▶ _ABOUT THIS EXERCISE_:
Take every record and write it out again exactly, with no images included.

▶ _DATA PROVIDED_:
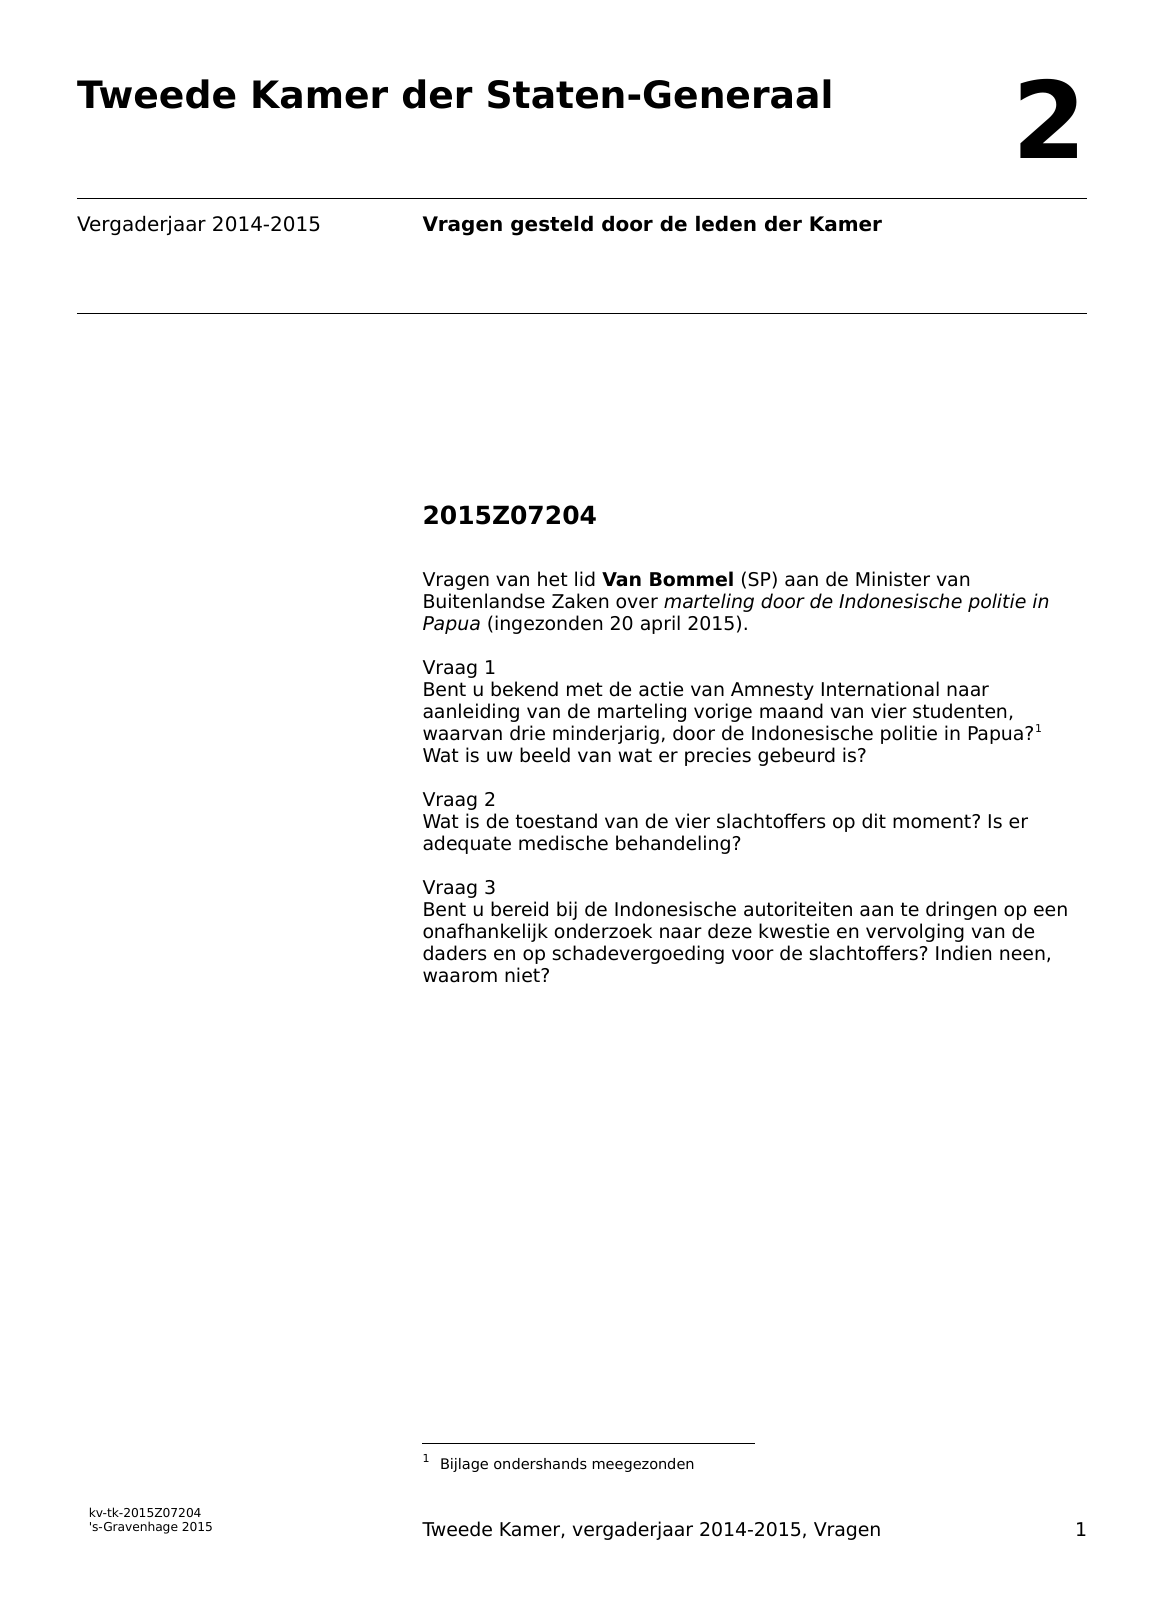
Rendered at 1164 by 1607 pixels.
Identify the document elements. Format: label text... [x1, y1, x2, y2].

table_header Tweede Kamer der Staten-Generaal [77, 59, 886, 198]
text kv-tk-2015Z07204 [88, 1506, 323, 1520]
table_cell Vragen gesteld door de leden der Kamer [422, 199, 1087, 313]
text Bent u bereid bij de Indonesische autoriteiten aan te dringen op een onafhankelijk onderzoek naar deze kwestie en vervolging van de daders en op schadevergoeding voor de slachtoffers? Indien neen, waarom niet? [422, 899, 1087, 987]
text Vraag 2 [422, 789, 1087, 811]
text 2015Z07204 [422, 501, 1087, 531]
text Vraag 1 [422, 657, 1087, 679]
text Vragen van het lid Van Bommel (SP) aan de Minister van Buitenlandse Zaken over marteling door de Indonesische politie in Papua (ingezonden 20 april 2015). [422, 569, 1087, 635]
table_cell Vergaderjaar 2014-2015 [77, 199, 422, 313]
text Bijlage ondershands meegezonden [422, 1452, 1087, 1474]
text 's-Gravenhage 2015 [88, 1520, 323, 1534]
text Bent u bekend met de actie van Amnesty International naar aanleiding van de marteling vorige maand van vier studenten, waarvan drie minderjarig, door de Indonesische politie in Papua? Wat is uw beeld van wat er precies gebeurd is? [422, 679, 1087, 767]
text Wat is de toestand van de vier slachtoffers op dit moment? Is er adequate medische behandeling? [422, 811, 1087, 855]
text Vraag 3 [422, 877, 1087, 899]
table_header 2 [886, 59, 1087, 198]
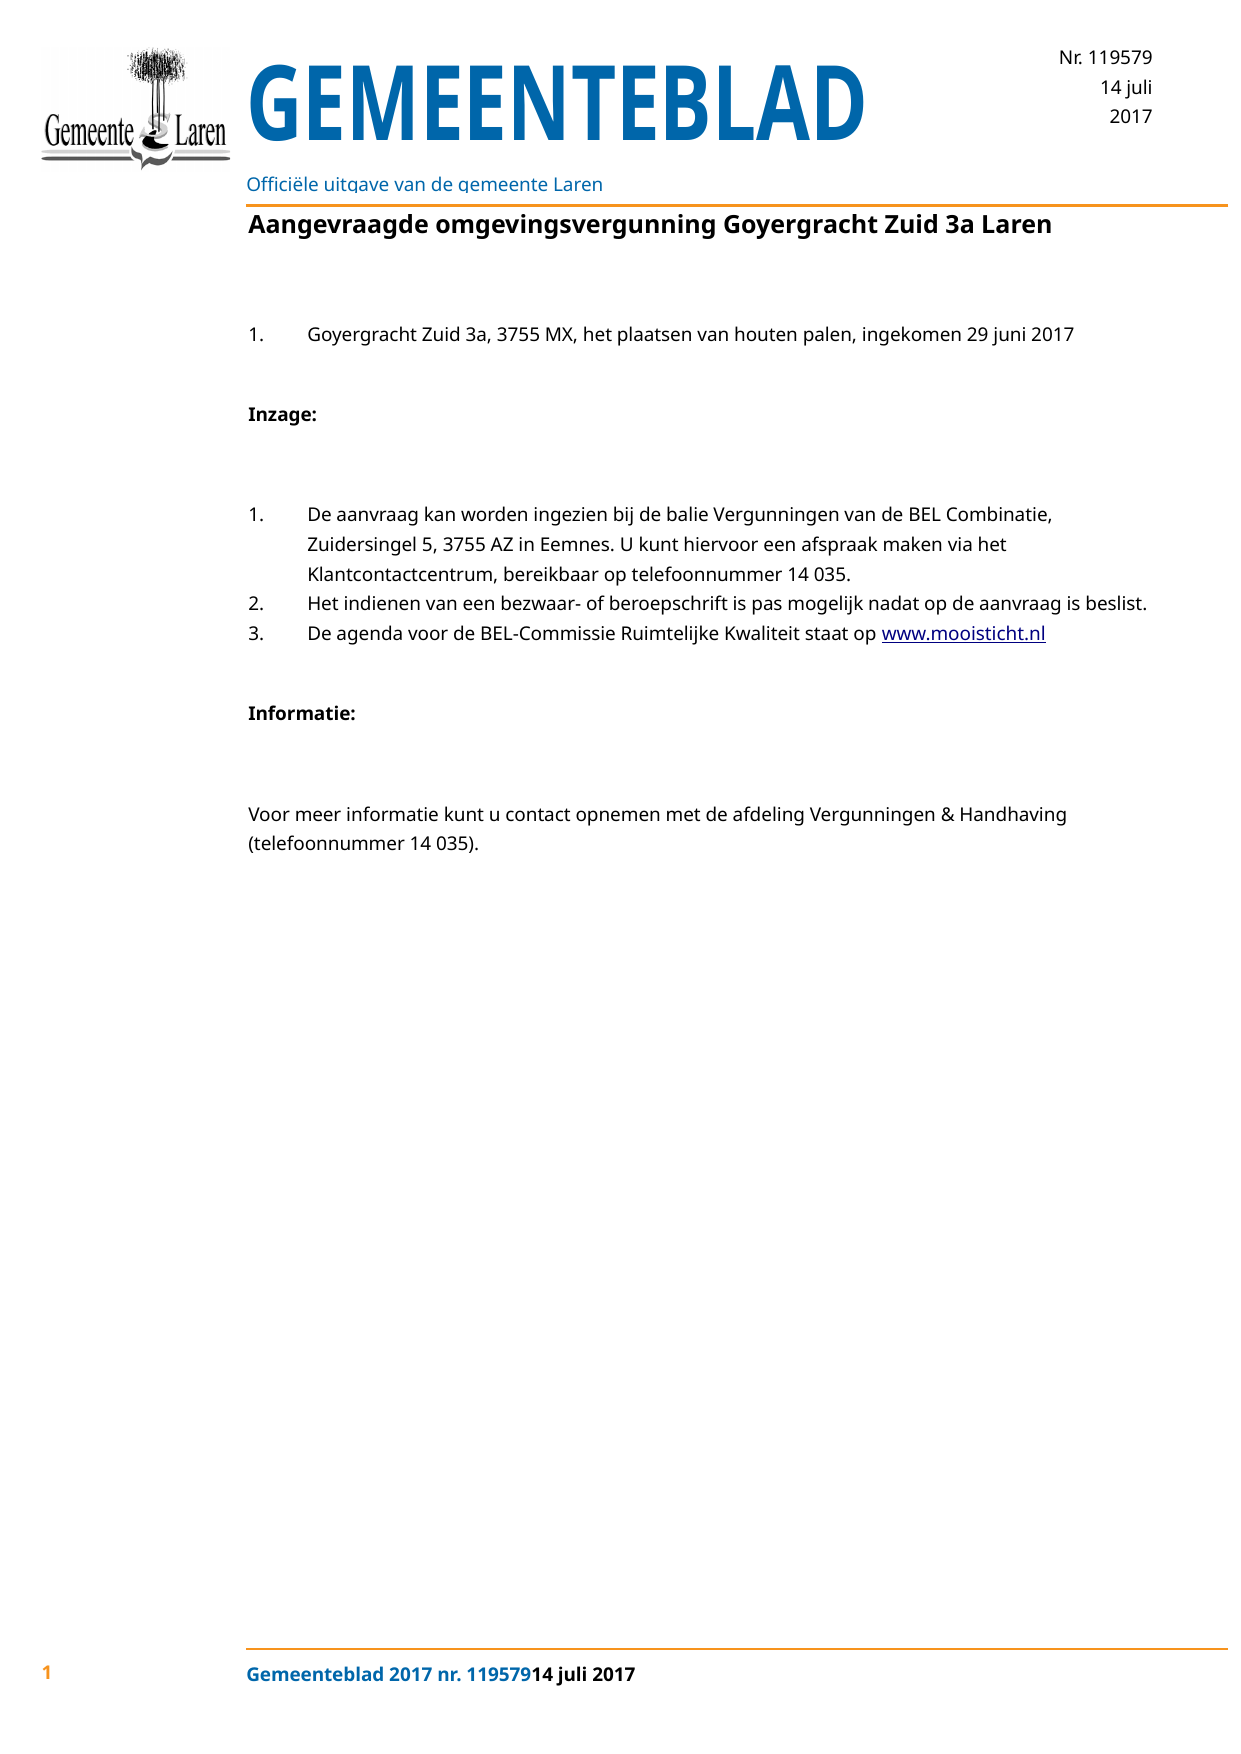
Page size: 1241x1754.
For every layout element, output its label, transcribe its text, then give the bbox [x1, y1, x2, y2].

text Aangevraagde omgevingsvergunning Goyergracht Zuid 3a Laren [248, 207, 1152, 241]
text Inzage: [248, 401, 1152, 426]
text Voor meer informatie kunt u contact opnemen met de afdeling Vergunningen & Handhaving (telefoonnummer 14 035). [248, 801, 1152, 856]
picture [41, 47, 231, 172]
list De agenda voor de BEL-Commissie Ruimtelijke Kwaliteit staat op www.mooisticht.nl [248, 620, 1152, 646]
list Goyergracht Zuid 3a, 3755 MX, het plaatsen van houten palen, ingekomen 29 juni 2017 [248, 321, 1152, 346]
list De aanvraag kan worden ingezien bij de balie Vergunningen van de BEL Combinatie, Zuidersingel 5, 3755 AZ in Eemnes. U kunt hiervoor een afspraak maken via het Klantcontactcentrum, bereikbaar op telefoonnummer 14 035. [248, 502, 1152, 586]
list Het indienen van een bezwaar- of beroepschrift is pas mogelijk nadat op de aanvraag is beslist. [248, 590, 1152, 616]
text Informatie: [248, 700, 1152, 726]

▶ _PROBLEM SOLUTION_:
Rendered at 1164 by 1607 pixels.
Identify the document elements. Format: label text... [x1, y1, x2, y2].

table_header Tweede Kamer der Staten-Generaal [77, 59, 886, 198]
text kv-tk-2015Z07204 [88, 1506, 323, 1520]
table_cell Vragen gesteld door de leden der Kamer [422, 199, 1087, 313]
text Bent u bereid bij de Indonesische autoriteiten aan te dringen op een onafhankelijk onderzoek naar deze kwestie en vervolging van de daders en op schadevergoeding voor de slachtoffers? Indien neen, waarom niet? [422, 899, 1087, 987]
text Vraag 2 [422, 789, 1087, 811]
text 2015Z07204 [422, 501, 1087, 531]
text Vraag 1 [422, 657, 1087, 679]
text Vragen van het lid Van Bommel (SP) aan de Minister van Buitenlandse Zaken over marteling door de Indonesische politie in Papua (ingezonden 20 april 2015). [422, 569, 1087, 635]
table_cell Vergaderjaar 2014-2015 [77, 199, 422, 313]
text Bijlage ondershands meegezonden [422, 1452, 1087, 1474]
text 's-Gravenhage 2015 [88, 1520, 323, 1534]
text Bent u bekend met de actie van Amnesty International naar aanleiding van de marteling vorige maand van vier studenten, waarvan drie minderjarig, door de Indonesische politie in Papua? Wat is uw beeld van wat er precies gebeurd is? [422, 679, 1087, 767]
text Wat is de toestand van de vier slachtoffers op dit moment? Is er adequate medische behandeling? [422, 811, 1087, 855]
text Vraag 3 [422, 877, 1087, 899]
table_header 2 [886, 59, 1087, 198]
Page size: 1241x1754.
For every layout element, output its label, transcribe its text, then give the bbox [x1, y1, x2, y2].

text Aangevraagde omgevingsvergunning Goyergracht Zuid 3a Laren [248, 207, 1152, 241]
text Inzage: [248, 401, 1152, 426]
text Voor meer informatie kunt u contact opnemen met de afdeling Vergunningen & Handhaving (telefoonnummer 14 035). [248, 801, 1152, 856]
picture [41, 47, 231, 172]
list De agenda voor de BEL-Commissie Ruimtelijke Kwaliteit staat op www.mooisticht.nl [248, 620, 1152, 646]
list Goyergracht Zuid 3a, 3755 MX, het plaatsen van houten palen, ingekomen 29 juni 2017 [248, 321, 1152, 346]
list De aanvraag kan worden ingezien bij de balie Vergunningen van de BEL Combinatie, Zuidersingel 5, 3755 AZ in Eemnes. U kunt hiervoor een afspraak maken via het Klantcontactcentrum, bereikbaar op telefoonnummer 14 035. [248, 502, 1152, 586]
list Het indienen van een bezwaar- of beroepschrift is pas mogelijk nadat op de aanvraag is beslist. [248, 590, 1152, 616]
text Informatie: [248, 700, 1152, 726]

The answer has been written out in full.